What is being asked
Wherever "left" turns up in the entries, copy out the line that holds it.

Data for this task
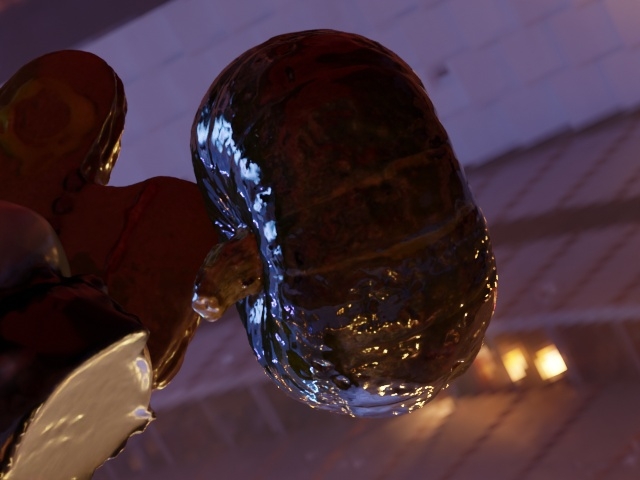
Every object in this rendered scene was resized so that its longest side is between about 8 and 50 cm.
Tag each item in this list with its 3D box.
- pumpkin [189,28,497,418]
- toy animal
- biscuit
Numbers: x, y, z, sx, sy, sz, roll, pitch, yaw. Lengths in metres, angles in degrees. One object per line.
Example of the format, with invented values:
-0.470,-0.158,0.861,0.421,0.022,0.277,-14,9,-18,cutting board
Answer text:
0.000,0.000,1.055,0.162,0.219,0.219,-23,-165,-13,pumpkin
-0.242,0.067,1.425,0.165,0.187,0.235,-30,-120,-24,toy animal
-0.195,-0.023,1.590,0.277,0.052,0.262,24,-104,23,biscuit
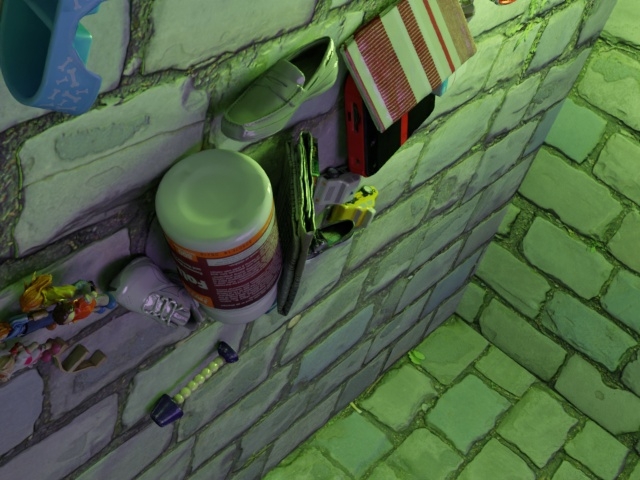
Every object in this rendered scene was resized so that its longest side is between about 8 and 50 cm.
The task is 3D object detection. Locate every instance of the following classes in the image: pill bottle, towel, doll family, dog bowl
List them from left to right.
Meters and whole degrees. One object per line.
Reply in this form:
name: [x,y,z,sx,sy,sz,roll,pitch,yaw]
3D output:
doll family: [-0.507,0.138,1.524,0.263,0.118,0.163,-40,170,20]
dog bowl: [-0.333,-0.295,1.082,0.074,0.166,0.297,-12,137,-43]
pill bottle: [-0.195,0.010,1.766,0.224,0.224,0.392,-44,157,-20]
towel: [-0.069,-0.040,1.926,0.324,0.056,0.312,108,-15,-49]
towel: [0.204,-0.434,1.955,0.329,0.037,0.237,-41,124,-16]

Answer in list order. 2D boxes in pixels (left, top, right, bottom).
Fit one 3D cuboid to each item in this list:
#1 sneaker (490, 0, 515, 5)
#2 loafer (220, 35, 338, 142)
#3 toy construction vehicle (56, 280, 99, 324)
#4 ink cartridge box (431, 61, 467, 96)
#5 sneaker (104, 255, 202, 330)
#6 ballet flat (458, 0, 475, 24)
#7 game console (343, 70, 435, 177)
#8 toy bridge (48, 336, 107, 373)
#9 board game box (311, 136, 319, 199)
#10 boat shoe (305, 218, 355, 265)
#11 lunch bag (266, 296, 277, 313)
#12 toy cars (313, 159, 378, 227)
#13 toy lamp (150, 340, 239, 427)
sneaker: [0.465,-0.661,2.146,0.270,0.145,0.090,-32,152,-42]
loafer: [-0.078,-0.301,1.676,0.319,0.112,0.111,-46,155,-37]
toy construction vehicle: [-0.464,0.126,1.660,0.086,0.035,0.098,-38,155,-32]
ink cartridge box: [0.292,-0.418,2.114,0.122,0.088,0.052,-46,152,-30]
sneaker: [-0.333,0.118,1.787,0.111,0.129,0.297,-51,158,6]
ballet flat: [0.340,-0.571,2.105,0.077,0.091,0.241,-9,165,14]
game console: [0.183,-0.367,2.140,0.342,0.060,0.386,-48,155,-26]
toy bridge: [-0.508,0.246,1.777,0.063,0.026,0.188,-48,159,-3]
board game box: [-0.041,-0.106,2.054,0.030,0.136,0.260,5,136,-11]
boat shoe: [0.000,0.000,2.299,0.228,0.080,0.076,-19,157,-27]
lunch bag: [-0.139,0.146,2.321,0.098,0.067,0.065,-39,156,-34]
toy cars: [0.087,-0.111,2.343,0.176,0.087,0.394,-51,159,-4]
toy lamp: [-0.337,0.386,2.289,0.274,0.080,0.080,-43,158,-22]
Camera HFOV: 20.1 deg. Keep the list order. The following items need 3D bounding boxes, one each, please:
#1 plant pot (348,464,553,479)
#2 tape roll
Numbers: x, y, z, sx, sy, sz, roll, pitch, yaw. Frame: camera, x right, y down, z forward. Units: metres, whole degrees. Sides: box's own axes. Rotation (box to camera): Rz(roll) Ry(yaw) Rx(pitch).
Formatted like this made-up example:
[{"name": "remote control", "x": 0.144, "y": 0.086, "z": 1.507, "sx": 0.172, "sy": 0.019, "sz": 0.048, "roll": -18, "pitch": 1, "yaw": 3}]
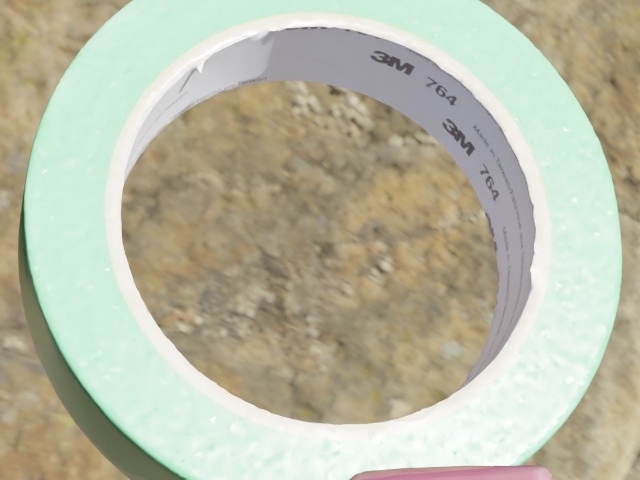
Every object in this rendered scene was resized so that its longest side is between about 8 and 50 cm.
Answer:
[{"name": "plant pot", "x": -0.025, "y": 0.160, "z": 0.457, "sx": 0.180, "sy": 0.201, "sz": 0.201, "roll": -3, "pitch": 74, "yaw": 9}, {"name": "tape roll", "x": 0.000, "y": 0.000, "z": 0.976, "sx": 0.321, "sy": 0.077, "sz": 0.321, "roll": 4, "pitch": 70, "yaw": -10}]
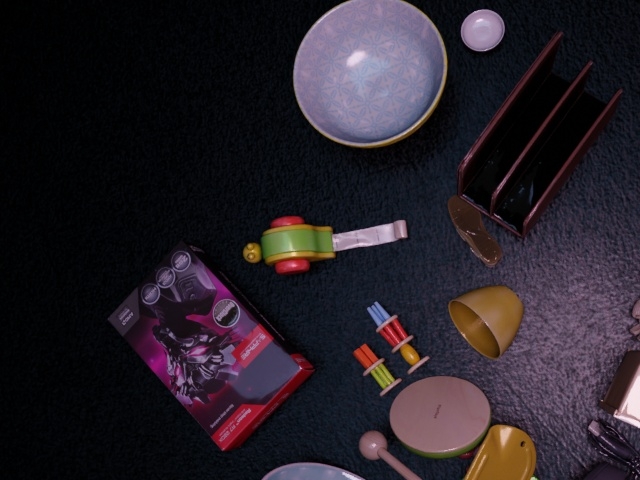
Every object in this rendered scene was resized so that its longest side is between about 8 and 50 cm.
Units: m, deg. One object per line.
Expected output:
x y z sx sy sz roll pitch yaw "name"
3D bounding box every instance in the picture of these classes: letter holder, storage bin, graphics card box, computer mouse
0.387 -0.185 1.423 0.152 0.214 0.302 36 86 16 "letter holder"
0.610 0.280 1.305 0.260 0.262 0.123 24 88 16 "storage bin"
-0.222 0.206 1.616 0.233 0.094 0.371 -46 74 6 "graphics card box"
0.474 0.457 1.381 0.188 0.072 0.272 42 79 14 "computer mouse"

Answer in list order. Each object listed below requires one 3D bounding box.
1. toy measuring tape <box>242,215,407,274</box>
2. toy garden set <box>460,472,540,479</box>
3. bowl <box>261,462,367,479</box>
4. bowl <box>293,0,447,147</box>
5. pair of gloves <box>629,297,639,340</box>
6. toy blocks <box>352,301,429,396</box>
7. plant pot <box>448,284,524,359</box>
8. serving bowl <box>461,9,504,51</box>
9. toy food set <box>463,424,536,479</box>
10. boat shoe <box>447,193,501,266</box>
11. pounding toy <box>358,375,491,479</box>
0.000 0.000 1.572 0.330 0.121 0.121 -9 81 13 "toy measuring tape"
0.346 0.521 1.457 0.244 0.049 0.204 40 92 15 "toy garden set"
0.007 0.561 1.434 0.311 0.311 0.163 26 110 16 "bowl"
0.107 -0.305 1.557 0.289 0.156 0.289 -2 83 15 "bowl"
0.618 0.099 1.345 0.042 0.240 0.204 36 93 -11 "pair of gloves"
0.117 0.204 1.548 0.123 0.054 0.148 -40 76 7 "toy blocks"
0.315 0.136 1.478 0.095 0.134 0.134 -35 75 -16 "plant pot"
0.318 -0.408 1.581 0.083 0.027 0.083 -2 83 14 "serving bowl"
0.286 0.423 1.413 0.128 0.071 0.218 35 80 -22 "toy food set"
0.290 -0.018 1.537 0.056 0.048 0.153 -32 73 -8 "boat shoe"
0.205 0.365 1.472 0.237 0.110 0.183 -34 39 -26 "pounding toy"

Solution to the problem
List them from left to right.
Answer in list order. 2D boxes in pixels (left, top, right, bottom).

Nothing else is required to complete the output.